Last preached on November 27th, 2011
Reading From Letters, by Emily Dickinson
What shall we do, my darling, when trial grows more, and more, when the dim, lone light expires, and it’s dark, so very dark, and we wander, and know not where, and cannot get out of the forest – whose is that hand to help us, and to lead, and forever guide us, they talk of a Jesus of Nazareth, will you tell me if it be he?
Sermon Foundations of Grief and Loss Rev. David Pyle
If the one constant of the human condition is change,
then the only constant companion to the human soul is loss.
I know, that is a very depressing sounding statement.

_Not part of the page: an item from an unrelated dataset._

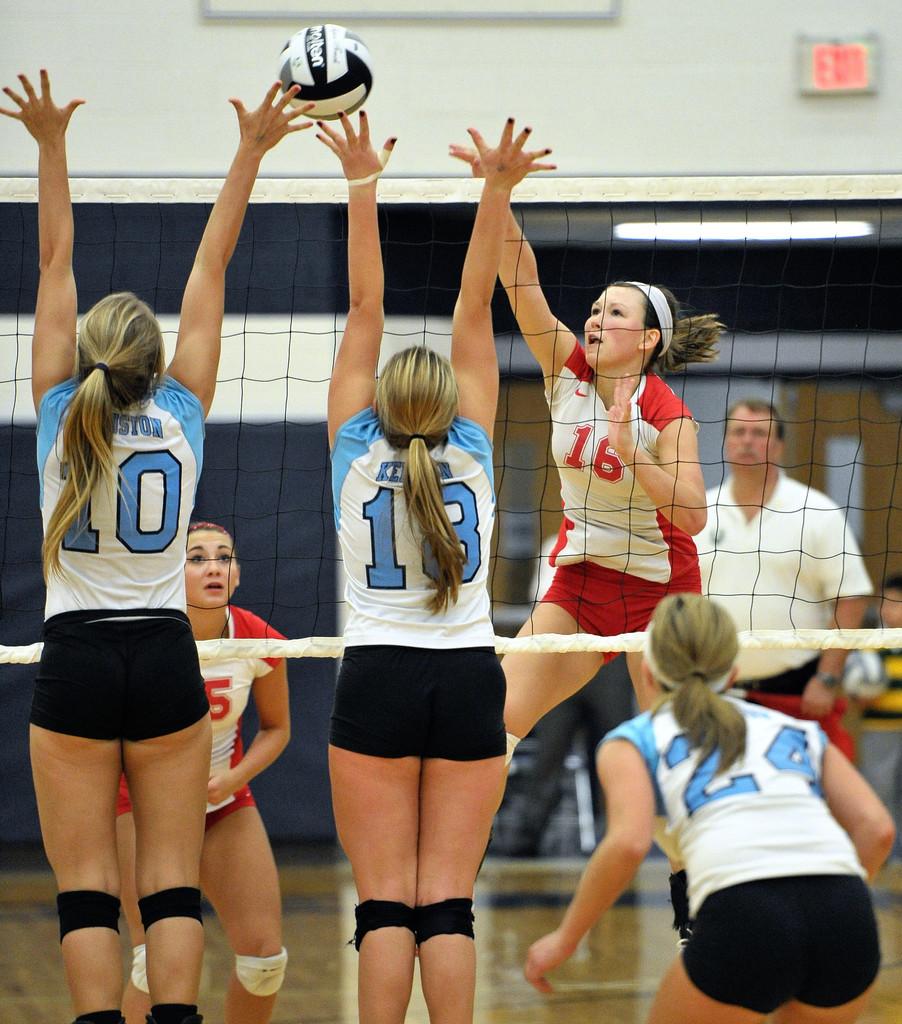What number is the player on the very left?
Make the answer very short. 10. 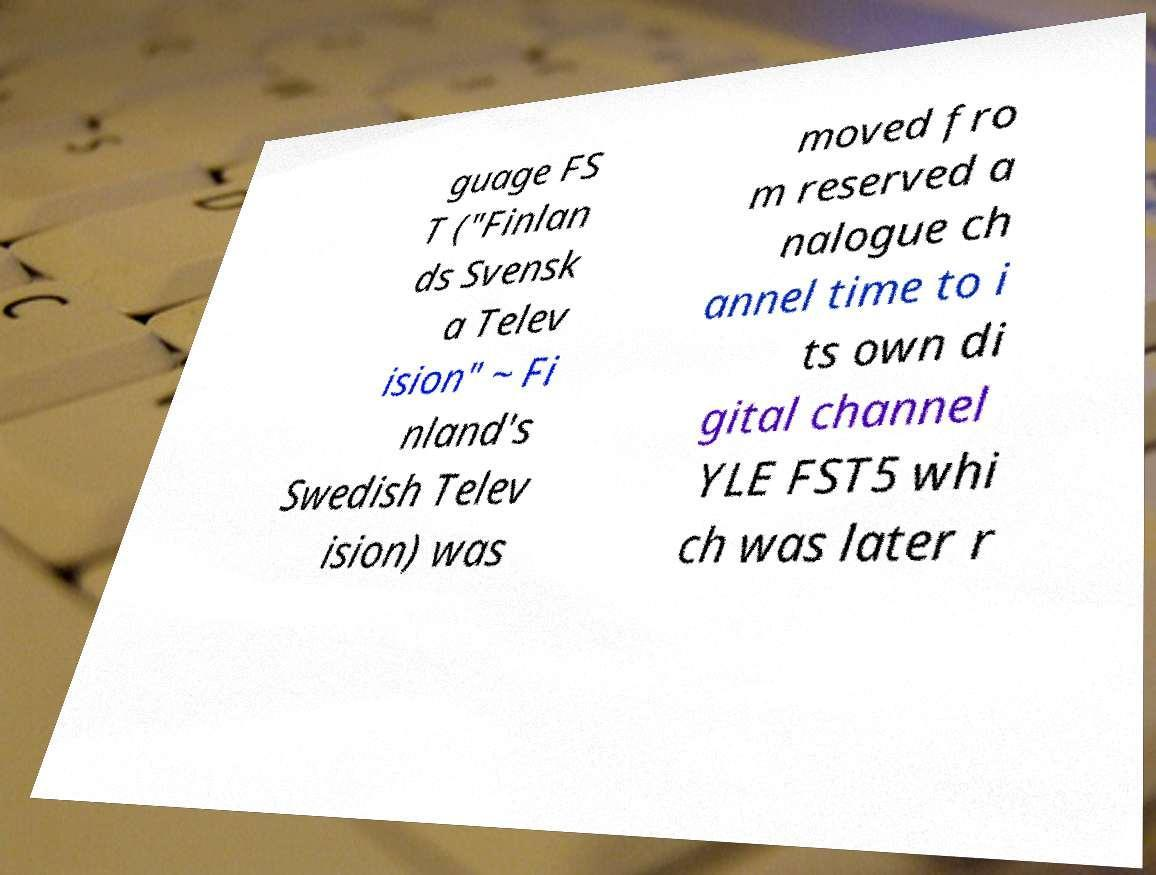Please read and relay the text visible in this image. What does it say? guage FS T ("Finlan ds Svensk a Telev ision" ~ Fi nland's Swedish Telev ision) was moved fro m reserved a nalogue ch annel time to i ts own di gital channel YLE FST5 whi ch was later r

I drove around town last night for about an hour
trying to think of a way to say it
that did not sound like an advertisement
for a new anti-depression medication… but there it is.
If the one constant of the human condition is change,
then the only constant companion that walks with us
on the human journey is loss,
and the grief that loss inspires in us.
How we understand grief, loss, and death
is one of the most important questions
that human beings seek to answer.
It is a question that rests at the heart of every religion,
every philosophical system, every psychological therapy.
This will be a little less of a story-telling sermon
than I usually preach, and more of a set of observations
about grief and loss… a “lessons I am still learning” if you will.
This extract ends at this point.